Keywords: dicentric chromosome assay, intercomparison exercises, biological dosimetry, radiation exposure, triage

INTRODUCTION

In a large-scale radiological accident, thousands of individuals would potentially be exposed to ionizing radiation, and medical management would be required to identify those with severe exposure (>1.5 Gy). This would help provide immediate clinical treatment efficiently and enable better use of limited clinical resources by helping prevent the worried well from overwhelming the health infrastructure [13]. Biological dosimetry is a valuable tool for determining dose received by an individual: confirming, complementing, or replacing physical dosimetry when it is missing or in dispute [4]. The dicentric chromosome assay (DCA) is a well-established biodosimetry test used to estimate exposure to ionizing radiation [57]. Dicentric chromosomes are considered to be specific to radiation exposure as they are primarily generated by ionizing radiation and only a few radiomimetic drugs.

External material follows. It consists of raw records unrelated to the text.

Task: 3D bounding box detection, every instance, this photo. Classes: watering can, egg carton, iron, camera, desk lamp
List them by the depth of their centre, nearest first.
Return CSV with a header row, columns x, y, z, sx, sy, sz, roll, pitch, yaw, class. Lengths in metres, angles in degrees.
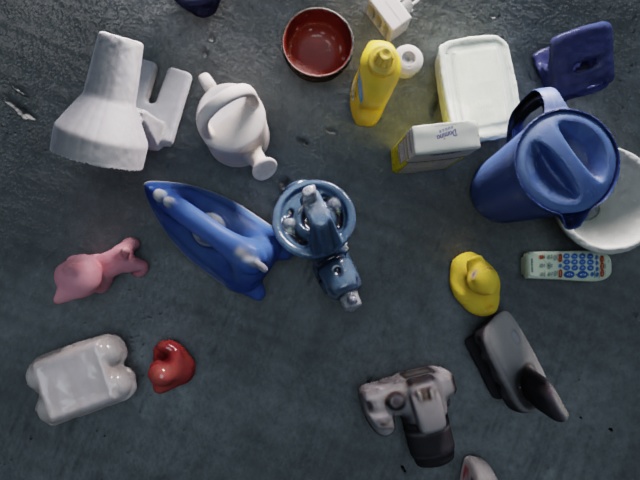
x,y,z,sx,sy,sz,roll,pitch,yaw,class
-0.276,-0.187,0.808,0.118,0.213,0.203,15,86,-1,desk lamp
-0.121,-0.167,0.824,0.173,0.194,0.101,35,86,0,watering can
-0.168,-0.019,0.838,0.258,0.141,0.119,34,86,0,iron
-0.353,0.205,0.851,0.150,0.069,0.107,-20,88,-4,egg carton
0.142,0.271,0.856,0.143,0.100,0.137,-14,87,-3,camera

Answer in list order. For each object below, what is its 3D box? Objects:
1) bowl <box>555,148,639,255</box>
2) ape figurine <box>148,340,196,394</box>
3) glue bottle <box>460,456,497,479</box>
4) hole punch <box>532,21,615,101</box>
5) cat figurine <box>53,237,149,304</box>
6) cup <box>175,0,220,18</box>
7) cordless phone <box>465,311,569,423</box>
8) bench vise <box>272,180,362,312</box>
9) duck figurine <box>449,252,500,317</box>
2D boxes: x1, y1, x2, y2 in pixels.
x,y,z,sx,sy,sz,roll,pitch,yaw,class
0.437,-0.059,0.904,0.167,0.074,0.167,0,86,-3,bowl
-0.227,0.192,0.847,0.076,0.092,0.078,26,86,-1,ape figurine
0.240,0.372,0.818,0.037,0.173,0.078,5,86,-2,glue bottle
0.411,-0.280,0.909,0.108,0.091,0.101,-18,87,-4,hole punch
-0.328,0.043,0.839,0.128,0.117,0.067,-27,88,-4,cat figurine
-0.181,-0.399,0.885,0.091,0.095,0.118,34,85,0,cup
0.294,0.183,0.827,0.094,0.185,0.147,-31,88,-4,cordless phone
0.016,-0.005,0.807,0.121,0.219,0.207,-43,89,-4,bench vise
0.248,0.068,0.881,0.077,0.086,0.104,-20,87,-4,duck figurine
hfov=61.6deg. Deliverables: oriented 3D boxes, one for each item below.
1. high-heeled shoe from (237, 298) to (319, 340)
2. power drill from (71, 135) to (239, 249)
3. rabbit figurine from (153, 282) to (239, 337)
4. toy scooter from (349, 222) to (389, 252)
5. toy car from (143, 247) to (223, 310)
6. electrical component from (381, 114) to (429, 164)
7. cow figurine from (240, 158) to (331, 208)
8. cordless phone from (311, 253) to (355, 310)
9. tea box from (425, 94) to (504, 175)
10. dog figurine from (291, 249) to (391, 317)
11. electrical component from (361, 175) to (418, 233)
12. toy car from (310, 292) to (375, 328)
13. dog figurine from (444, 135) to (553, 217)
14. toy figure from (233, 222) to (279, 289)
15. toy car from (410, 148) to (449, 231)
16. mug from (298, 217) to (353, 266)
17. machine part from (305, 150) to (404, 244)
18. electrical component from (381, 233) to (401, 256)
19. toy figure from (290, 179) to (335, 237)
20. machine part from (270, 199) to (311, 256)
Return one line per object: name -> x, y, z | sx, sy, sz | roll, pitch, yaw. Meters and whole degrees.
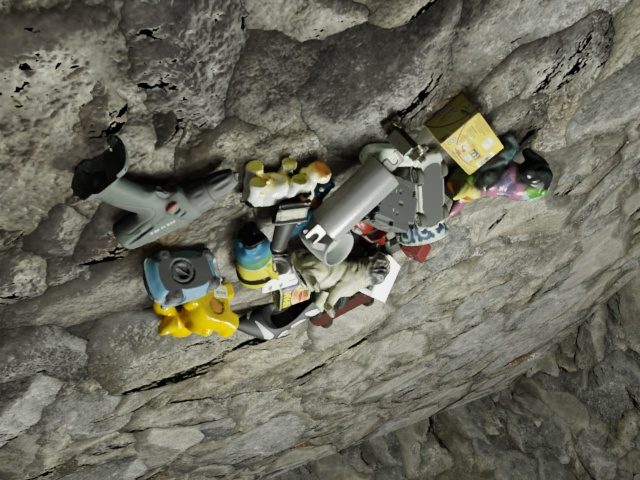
high-heeled shoe -> -0.088, 0.172, 1.354 | 0.248, 0.086, 0.145 | -2, 137, -43
power drill -> -0.271, -0.084, 0.868 | 0.232, 0.086, 0.207 | -33, 155, 11
rabbit figurine -> -0.284, 0.171, 1.175 | 0.173, 0.122, 0.162 | -28, 161, 38
toy scooter -> 0.120, -0.050, 1.203 | 0.135, 0.075, 0.183 | -45, 142, 6
toy car -> -0.283, 0.075, 1.064 | 0.161, 0.109, 0.103 | -12, 169, -44
electrical component -> 0.165, -0.191, 1.027 | 0.045, 0.102, 0.078 | -45, 170, 26
cow figurine -> -0.064, -0.099, 1.002 | 0.167, 0.068, 0.098 | -7, 148, -24
cordless phone -> 0.061, 0.091, 1.361 | 0.184, 0.089, 0.146 | -19, 123, -59
tea box -> 0.302, -0.215, 1.116 | 0.098, 0.068, 0.169 | -40, 145, 16
dog figurine -> 0.049, 0.055, 1.200 | 0.190, 0.121, 0.172 | -37, 114, -14
electrical component -> 0.150, -0.078, 1.138 | 0.134, 0.115, 0.058 | 16, 172, -40
toy car -> 0.062, 0.179, 1.499 | 0.202, 0.053, 0.089 | -31, 137, 10
dog figurine -> 0.390, -0.122, 1.222 | 0.219, 0.192, 0.108 | -38, 156, -14
toy figure -> -0.141, 0.035, 1.122 | 0.089, 0.082, 0.180 | -12, 151, -3
toy car -> 0.243, -0.107, 1.196 | 0.073, 0.056, 0.201 | -20, 128, -11
mug -> -0.002, -0.003, 1.133 | 0.109, 0.107, 0.080 | -4, 123, -47
machine part -> 0.068, -0.079, 1.046 | 0.243, 0.079, 0.079 | -43, 146, 5
electrical component -> 0.190, 0.016, 1.397 | 0.063, 0.021, 0.093 | -27, 147, -4
toy figure -> -0.030, -0.071, 1.076 | 0.058, 0.064, 0.154 | 35, 113, -14
machine part -> -0.065, -0.024, 1.031 | 0.084, 0.039, 0.138 | -16, 145, -30
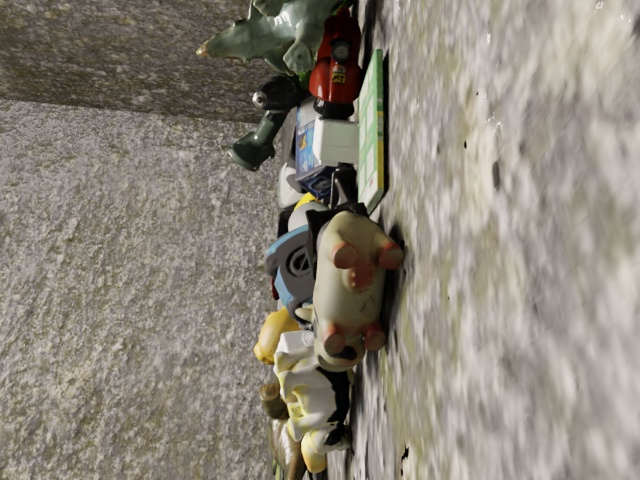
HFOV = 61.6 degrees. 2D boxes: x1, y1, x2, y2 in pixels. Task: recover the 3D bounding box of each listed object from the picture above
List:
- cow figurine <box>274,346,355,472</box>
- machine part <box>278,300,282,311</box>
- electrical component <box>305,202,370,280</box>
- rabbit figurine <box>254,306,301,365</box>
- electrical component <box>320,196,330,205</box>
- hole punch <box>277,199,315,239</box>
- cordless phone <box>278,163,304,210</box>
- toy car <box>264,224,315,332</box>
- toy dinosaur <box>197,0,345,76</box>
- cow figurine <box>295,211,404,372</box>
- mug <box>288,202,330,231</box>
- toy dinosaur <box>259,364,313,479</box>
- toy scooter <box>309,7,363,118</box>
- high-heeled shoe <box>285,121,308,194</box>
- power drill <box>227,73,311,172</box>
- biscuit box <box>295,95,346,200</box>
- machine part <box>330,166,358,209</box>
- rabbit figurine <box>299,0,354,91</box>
[{"bbox_3d":[0.004,0.213,0.682,0.068,0.098,0.167,-121,16,-68],"label":"cow figurine"},{"bbox_3d":[-0.052,0.076,1.197,0.079,0.079,0.243,156,119,-82],"label":"machine part"},{"bbox_3d":[0.023,0.016,0.637,0.119,0.075,0.048,85,173,-47],"label":"electrical component"},{"bbox_3d":[-0.035,0.144,0.844,0.162,0.122,0.173,-59,-18,3],"label":"rabbit figurine"},{"bbox_3d":[0.007,-0.105,0.957,0.102,0.045,0.078,-106,23,-70],"label":"electrical component"},{"bbox_3d":[-0.013,0.002,0.975,0.116,0.092,0.142,3,86,57],"label":"hole punch"},{"bbox_3d":[-0.040,-0.165,1.235,0.184,0.089,0.147,110,164,-52],"label":"cordless phone"},{"bbox_3d":[-0.003,0.060,0.755,0.102,0.109,0.162,54,-173,-51],"label":"toy car"},{"bbox_3d":[0.006,-0.351,0.678,0.405,0.131,0.192,-45,22,26],"label":"toy dinosaur"},{"bbox_3d":[0.024,0.061,0.577,0.127,0.085,0.194,-110,22,-59],"label":"cow figurine"},{"bbox_3d":[-0.002,-0.003,0.854,0.107,0.081,0.109,-146,50,-75],"label":"mug"},{"bbox_3d":[-0.044,0.325,0.926,0.471,0.105,0.198,-79,-11,-71],"label":"toy dinosaur"},{"bbox_3d":[0.027,-0.265,0.792,0.184,0.075,0.135,-88,7,-59],"label":"toy scooter"},{"bbox_3d":[-0.018,-0.202,1.068,0.249,0.086,0.145,-91,10,-56],"label":"high-heeled shoe"},{"bbox_3d":[-0.097,-0.228,1.004,0.207,0.086,0.232,-58,-4,39],"label":"power drill"},{"bbox_3d":[0.001,-0.160,0.889,0.062,0.059,0.203,40,-145,-39],"label":"biscuit box"},{"bbox_3d":[0.033,-0.054,0.757,0.139,0.039,0.084,-97,18,-63],"label":"machine part"},{"bbox_3d":[0.010,-0.342,0.941,0.170,0.121,0.159,48,-143,-75],"label":"rabbit figurine"}]
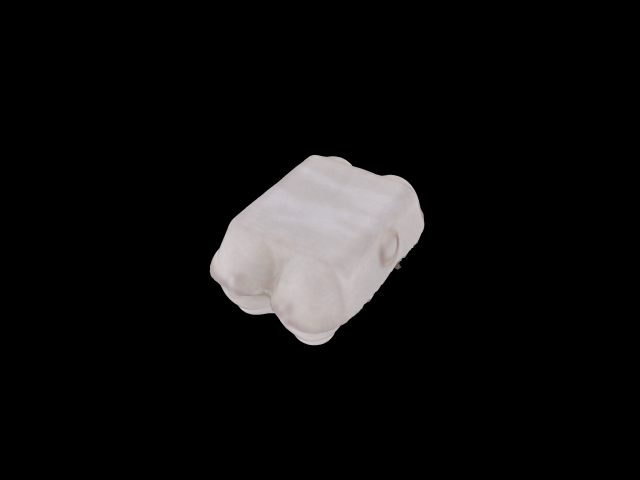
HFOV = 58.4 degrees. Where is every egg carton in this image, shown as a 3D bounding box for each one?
[{"bbox_3d":[0.004,0.001,0.400,0.107,0.069,0.150,22,45,24],"label":"egg carton"}]
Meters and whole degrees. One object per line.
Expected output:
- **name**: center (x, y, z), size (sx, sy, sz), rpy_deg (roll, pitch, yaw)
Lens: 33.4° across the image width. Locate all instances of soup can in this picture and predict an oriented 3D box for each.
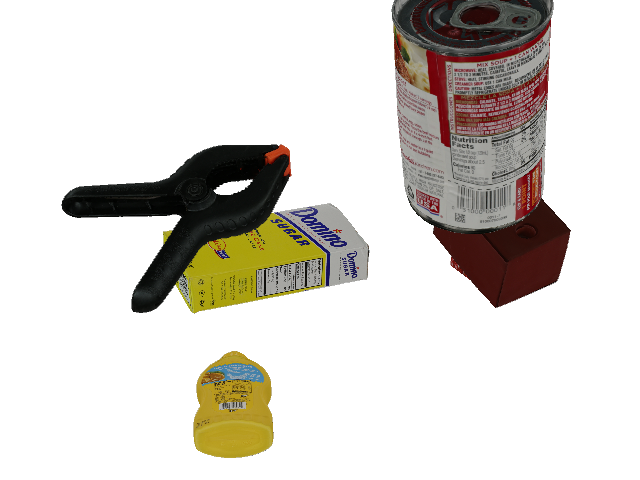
- **soup can**: center (0.069, -0.061, 0.483), size (0.068, 0.102, 0.068), rpy_deg (-5, 42, 4)

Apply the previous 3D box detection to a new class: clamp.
- **clamp**: center (-0.102, -0.029, 0.791), size (0.171, 0.120, 0.039), rpy_deg (-35, -23, -27)

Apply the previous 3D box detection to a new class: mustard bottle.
- **mustard bottle**: center (-0.110, 0.197, 1.359), size (0.096, 0.058, 0.191), rpy_deg (-4, 26, -2)

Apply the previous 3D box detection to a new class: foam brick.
- **foam brick**: center (0.119, -0.005, 0.708), size (0.053, 0.078, 0.051), rpy_deg (-23, -35, -21)

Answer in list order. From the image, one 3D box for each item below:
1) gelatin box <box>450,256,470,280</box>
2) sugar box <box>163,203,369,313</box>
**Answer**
- **gelatin box**: center (0.186, 0.005, 1.235), size (0.030, 0.089, 0.073), rpy_deg (-13, 32, -28)
- **sugar box**: center (-0.052, 0.013, 1.011), size (0.176, 0.048, 0.093), rpy_deg (-13, 34, -18)

Because background levels of dicentric chromosomes are low in non-exposed individuals, the DCA is able to assess irradiation doses as low as 0.1 Gy [6]. Due to the advantages of DCA, this assay is considered to be the gold standard of radiation biodosimetry [6].

Significant effort has been invested in optimizing and standardizing the DCA protocol over the past years [811]. The International Atomic Energy Agency (IAEA) provides technical information for DCA for radiation biodosimetry [9], and the International Organization for Standardization (ISO) selected DCA as the recommended method for biological dosimetry, and published guidelines for cytogenetic service laboratories performing radiation biological dosimetry [10]. Based on IAEA and ISO guidelines, many countries have developed a system for biological dosimetry in preparation for radiological accidents or mass casualties [12] in which each laboratory should have established well-defined protocols and analytic processes for DCA, and laboratory performance is validated to maintain accuracy and throughput.

Interlaboratory comparison is a valuable tool for evaluating assay performance among individual laboratories. It helps to harmonize detailed protocols, including experimental conditions, scoring criteria, a method for generating dose–response curves and statistical analyses, which are essential to validation of assay systems [12, 13]. It is crucial to establish networks in preparation for a large-scale radiological accident in which the number of potentially exposed subjects could exceed the capacity of local service laboratories for DCA [12, 13]. For this reason, biodosimetry networks in Europe, Canada, Latin America, China, Japan and elsewhere have conducted many intercomparison exercises to maintain the accuracy and capacity of the DCA within the network, and assess the feasibility of the use of geographically dispersed laboratories for dose assessment [1420].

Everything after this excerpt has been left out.